● Try it: All lines holding the word "winter" should be located in the records and copied.
Data to use START
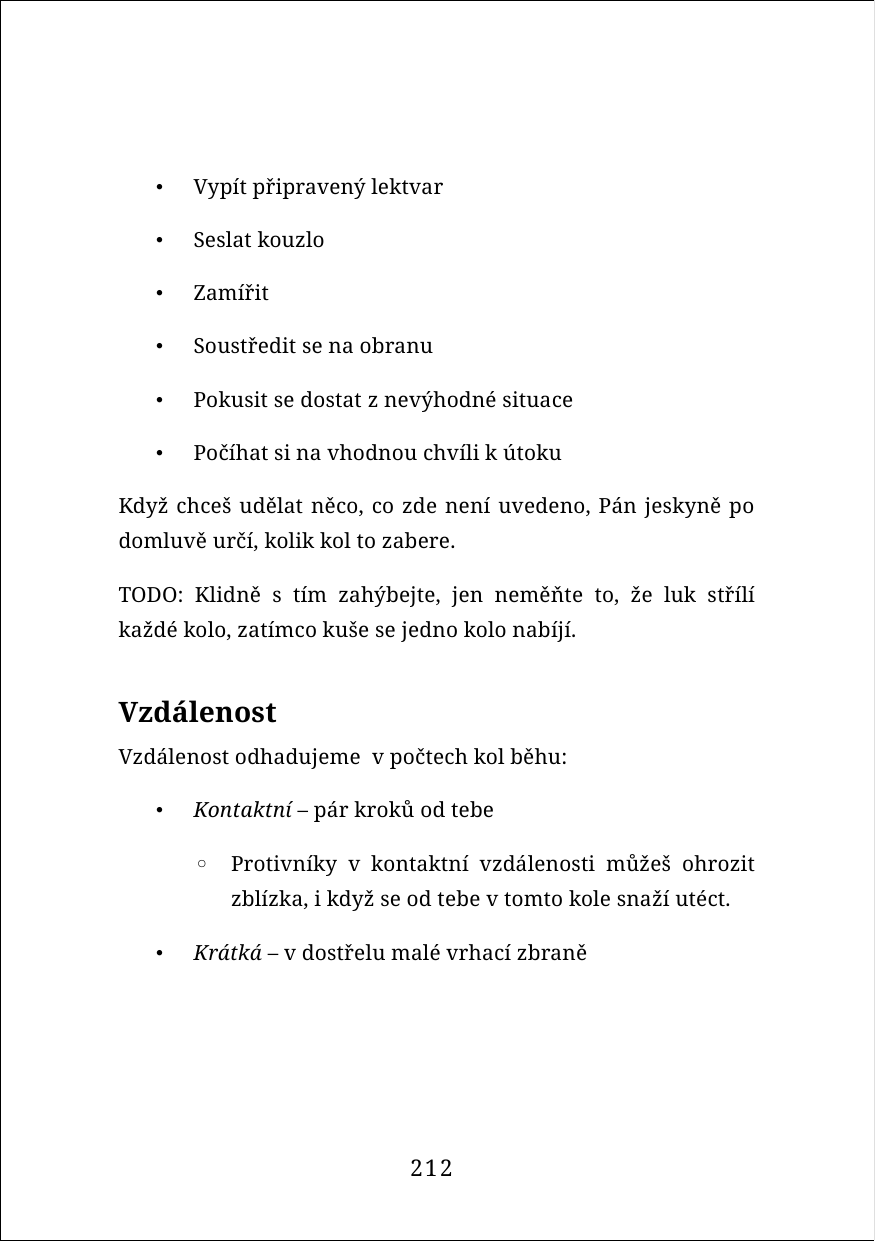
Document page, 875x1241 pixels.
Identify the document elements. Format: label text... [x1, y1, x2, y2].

text Když chceš udělat něco, co zde není uvedeno, Pán jeskyně po domluvě určí, kolik kol to zabere. [118, 491, 756, 555]
list Pokusit se dostat z nevýhodné situace [156, 385, 756, 413]
list Seslat kouzlo [156, 225, 756, 253]
list Protivníky v kontaktní vzdálenosti můžeš ohrozit zblízka, i když se od tebe v tomto kole snaží utéct. [193, 849, 756, 913]
list Počíhat si na vhodnou chvíli k útoku [156, 438, 756, 466]
list Zamířit [156, 278, 756, 307]
list Krátká – v dostřelu malé vrhací zbraně [156, 938, 756, 966]
text Vzdálenost odhadujeme v počtech kol běhu: [118, 742, 756, 771]
list Kontaktní – pár kroků od tebe [156, 796, 756, 824]
text TODO: Klidně s tím zahýbejte, jen neměňte to, že luk střílí každé kolo, zatímco kuše se jedno kolo nabíjí. [118, 580, 756, 644]
list Soustředit se na obranu [156, 331, 756, 360]
subtitle Vzdálenost [118, 692, 756, 731]
list Vypít připravený lektvar [156, 172, 756, 200]
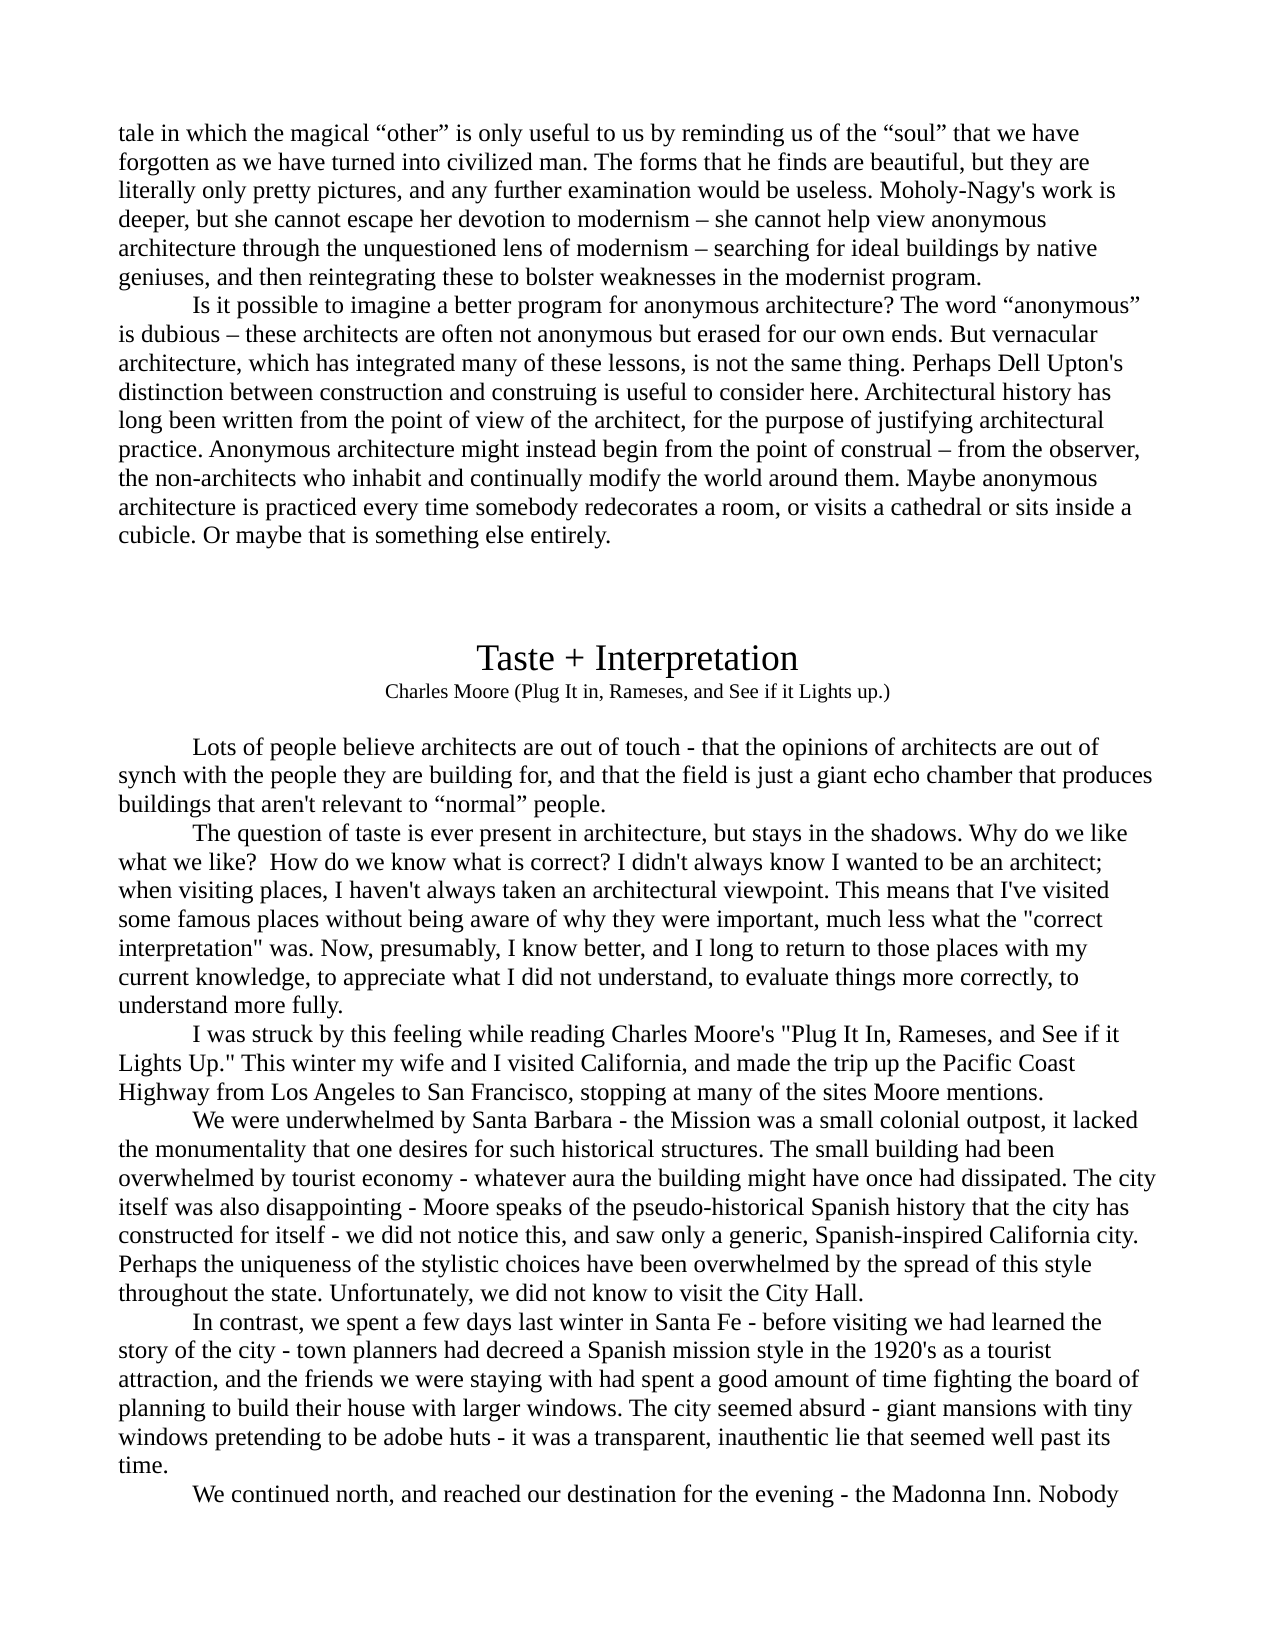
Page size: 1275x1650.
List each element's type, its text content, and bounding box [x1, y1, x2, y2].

text I was struck by this feeling while reading Charles Moore's "Plug It In, Rameses, and See if it Lights Up." This winter my wife and I visited California, and made the trip up the Pacific Coast Highway from Los Angeles to San Francisco, stopping at many of the sites Moore mentions. [118, 1019, 1157, 1105]
text Charles Moore (Plug It in, Rameses, and See if it Lights up.) [118, 679, 1157, 703]
text Is it possible to imagine a better program for anonymous architecture? The word “anonymous” is dubious – these architects are often not anonymous but erased for our own ends. But vernacular architecture, which has integrated many of these lessons, is not the same thing. Perhaps Dell Upton's distinction between construction and construing is useful to consider here. Architectural history has long been written from the point of view of the architect, for the purpose of justifying architectural practice. Anonymous architecture might instead begin from the point of construal – from the observer, the non-architects who inhabit and continually modify the world around them. Maybe anonymous architecture is practiced every time somebody redecorates a room, or visits a cathedral or sits inside a cubicle. Or maybe that is something else entirely. [118, 291, 1157, 549]
text We were underwhelmed by Santa Barbara - the Mission was a small colonial outpost, it lacked the monumentality that one desires for such historical structures. The small building had been overwhelmed by tourist economy - whatever aura the building might have once had dissipated. The city itself was also disappointing - Moore speaks of the pseudo-historical Spanish history that the city has constructed for itself - we did not notice this, and saw only a generic, Spanish-inspired California city. Perhaps the uniqueness of the stylistic choices have been overwhelmed by the spread of this style throughout the state. Unfortunately, we did not know to visit the City Hall. [118, 1105, 1157, 1307]
text We continued north, and reached our destination for the evening - the Madonna Inn. Nobody [118, 1479, 1157, 1508]
text tale in which the magical “other” is only useful to us by reminding us of the “soul” that we have forgotten as we have turned into civilized man. The forms that he finds are beautiful, but they are literally only pretty pictures, and any further examination would be useless. Moholy-Nagy's work is deeper, but she cannot escape her devotion to modernism – she cannot help view anonymous architecture through the unquestioned lens of modernism – searching for ideal buildings by native geniuses, and then reintegrating these to bolster weaknesses in the modernist program. [118, 118, 1157, 291]
text The question of taste is ever present in architecture, but stays in the shadows. Why do we like what we like? How do we know what is correct? I didn't always know I wanted to be an architect; when visiting places, I haven't always taken an architectural viewpoint. This means that I've visited some famous places without being aware of why they were important, much less what the "correct interpretation" was. Now, presumably, I know better, and I long to return to those places with my current knowledge, to appreciate what I did not understand, to evaluate things more correctly, to understand more fully. [118, 818, 1157, 1019]
text Taste + Interpretation [118, 636, 1157, 679]
text Lots of people believe architects are out of touch - that the opinions of architects are out of synch with the people they are building for, and that the field is just a giant echo chamber that produces buildings that aren't relevant to “normal” people. [118, 732, 1157, 818]
text In contrast, we spent a few days last winter in Santa Fe - before visiting we had learned the story of the city - town planners had decreed a Spanish mission style in the 1920's as a tourist attraction, and the friends we were staying with had spent a good amount of time fighting the board of planning to build their house with larger windows. The city seemed absurd - giant mansions with tiny windows pretending to be adobe huts - it was a transparent, inauthentic lie that seemed well past its time. [118, 1307, 1157, 1479]
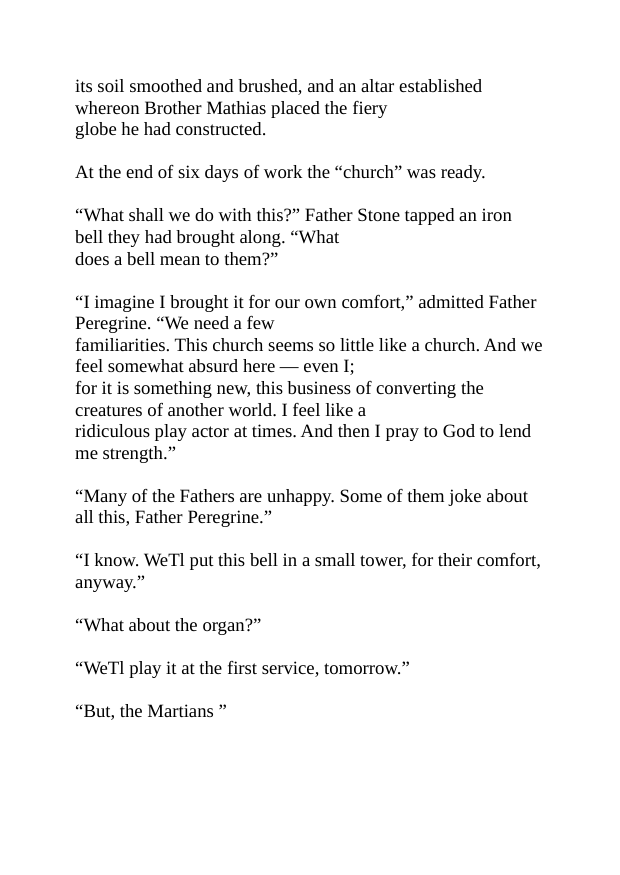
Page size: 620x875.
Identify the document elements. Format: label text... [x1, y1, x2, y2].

text its soil smoothed and brushed, and an altar established whereon Brother Mathias placed the fiery globe he had constructed. At the end of six days of work the “church” was ready. “What shall we do with this?” Father Stone tapped an iron bell they had brought along. “What does a bell mean to them?” “I imagine I brought it for our own comfort,” admitted Father Peregrine. “We need a few familiarities. This church seems so little like a church. And we feel somewhat absurd here — even I; for it is something new, this business of converting the creatures of another world. I feel like a ridiculous play actor at times. And then I pray to God to lend me strength.” “Many of the Fathers are unhappy. Some of them joke about all this, Father Peregrine.” “I know. WeTl put this bell in a small tower, for their comfort, anyway.” “What about the organ?” “WeTl play it at the first service, tomorrow.” “But, the Martians ” [75, 75, 544, 743]
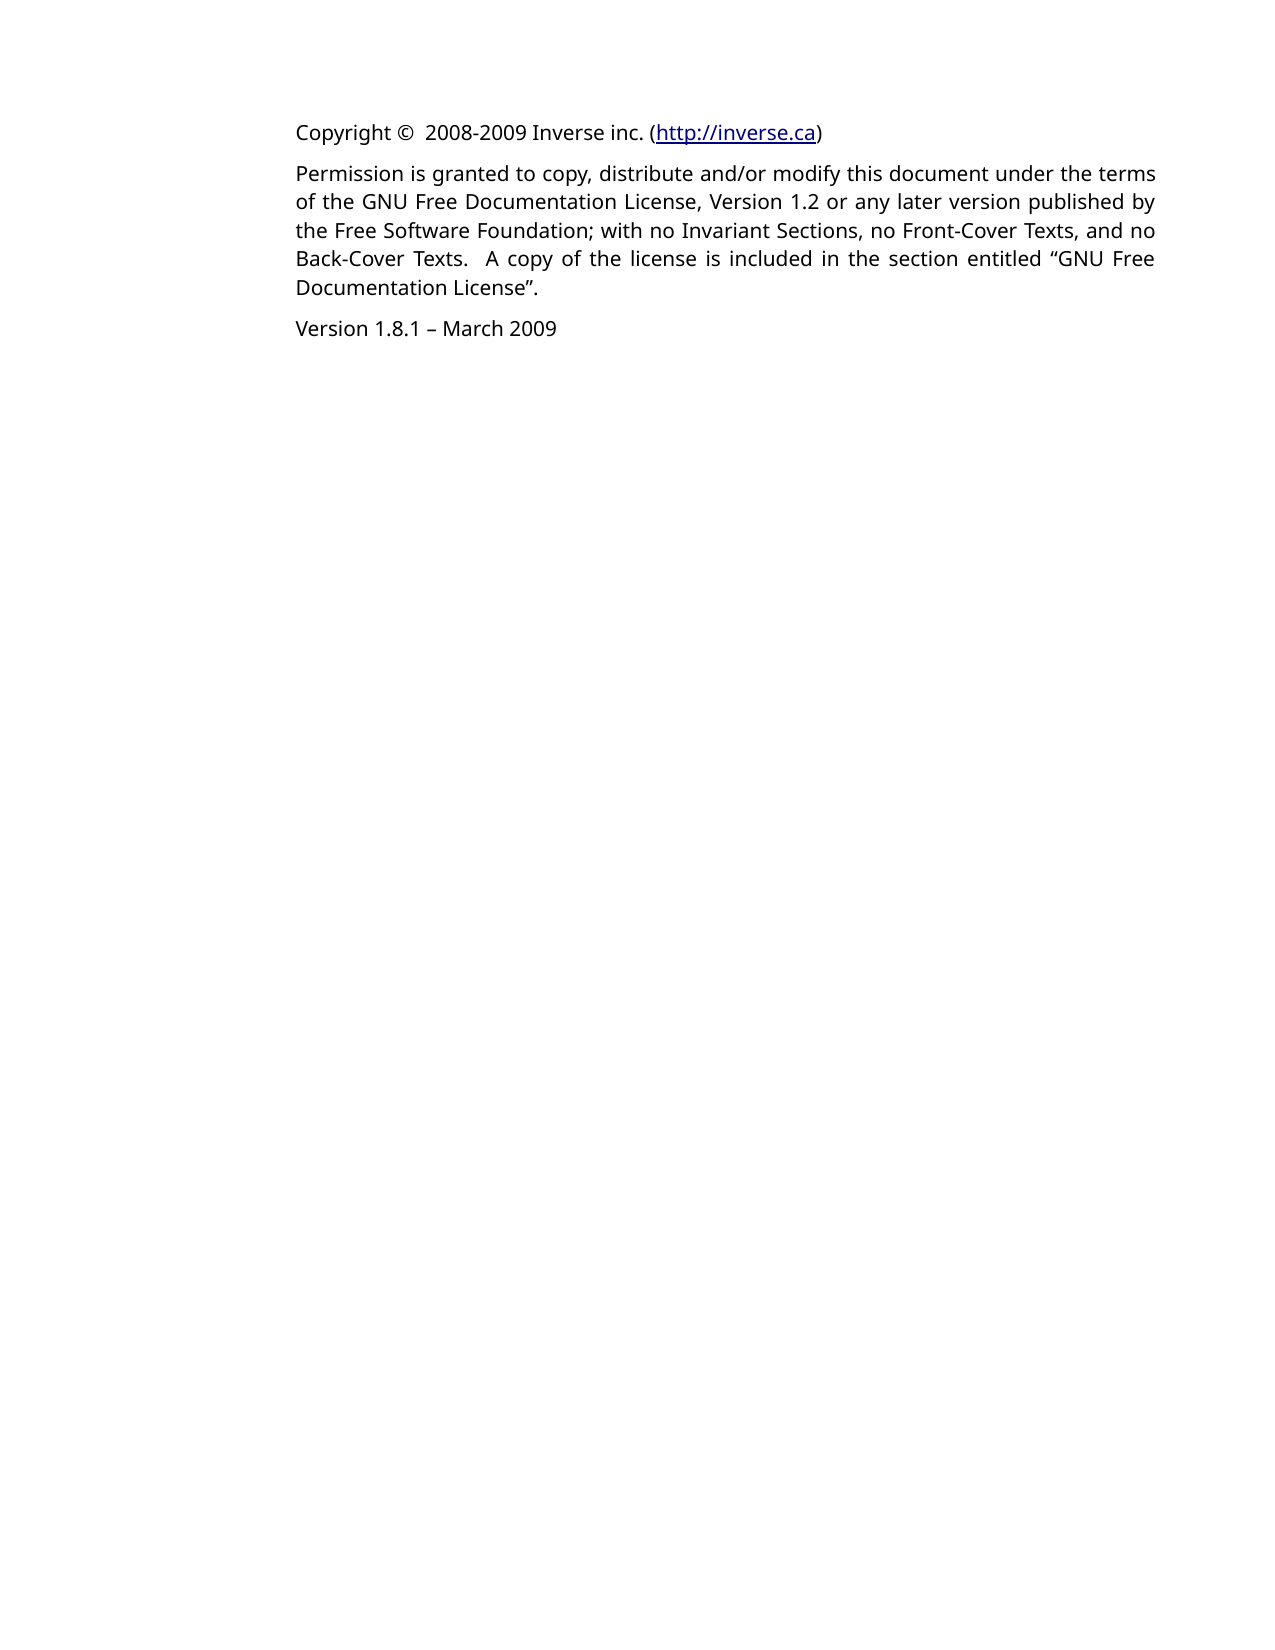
Data to use END
● Exercise answer:
text I was struck by this feeling while reading Charles Moore's "Plug It In, Rameses, and See if it Lights Up." This winter my wife and I visited California, and made the trip up the Pacific Coast Highway from Los Angeles to San Francisco, stopping at many of the sites Moore mentions. [118, 1019, 1157, 1105]
text In contrast, we spent a few days last winter in Santa Fe - before visiting we had learned the story of the city - town planners had decreed a Spanish mission style in the 1920's as a tourist attraction, and the friends we were staying with had spent a good amount of time fighting the board of planning to build their house with larger windows. The city seemed absurd - giant mansions with tiny windows pretending to be adobe huts - it was a transparent, inauthentic lie that seemed well past its time. [118, 1307, 1157, 1479]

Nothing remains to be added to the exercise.